Advancing the frontiers of Computer Vision and Deep Learning
My research focuses on developing robust and efficient deep learning models for computer vision applications. I am particularly interested in self-supervised learning approaches that can learn meaningful representations from unlabeled data, multimodal learning that combines visual and textual information, and adversarial robustness to create more reliable AI systems.
Working under the guidance of Prof. Arijit Sur and Dr. Pinaki Mitra at the MultiMedia Lab, IIT Guwahati, I explore novel approaches to address fundamental challenges in machine learning and computer vision.
Systematic literature review and gap analysis to identify challenging problems in computer vision and machine learning
Design and implementation of novel algorithms with theoretical foundations and practical considerations
Comprehensive experiments on standard benchmarks with rigorous statistical analysis and comparison
Dissemination of research findings through peer-reviewed publications and open-source implementations
Advancing multimodal learning techniques that effectively combine and understand information from multiple modalities including vision, language, and audio.

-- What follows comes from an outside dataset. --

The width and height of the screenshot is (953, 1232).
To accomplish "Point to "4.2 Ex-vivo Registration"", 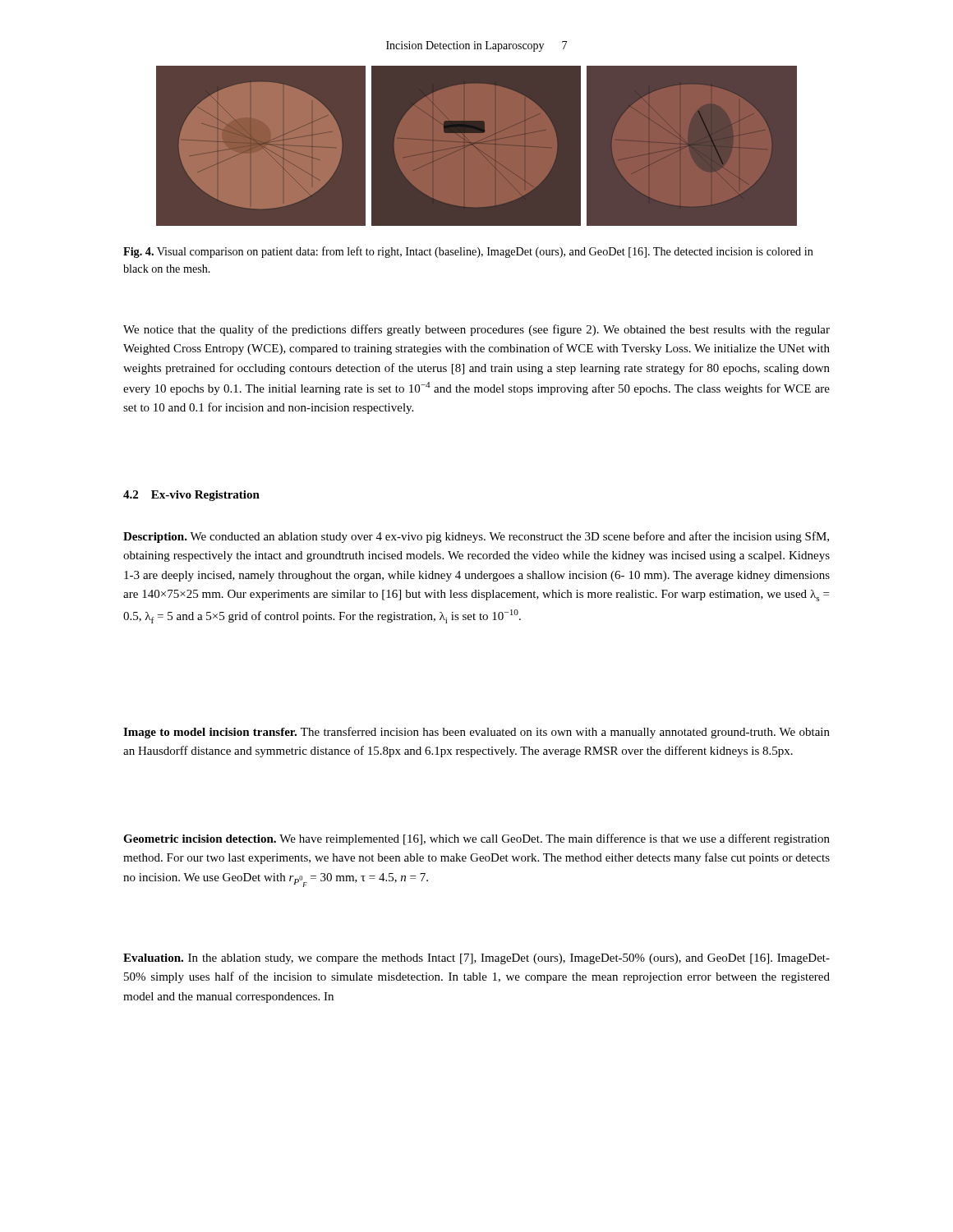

Developing autonomous AI agents capable of reasoning, planning, and taking actions in complex environments with minimal human intervention.
Exploring retrieval-augmented generation systems that combine knowledge retrieval with generative models for more accurate and contextual responses.
Advancing visual question answering systems that can understand and reason about visual content to provide accurate answers to natural language questions.
Developing models that can recognize and understand new concepts without explicit training examples, leveraging semantic knowledge and transfer learning.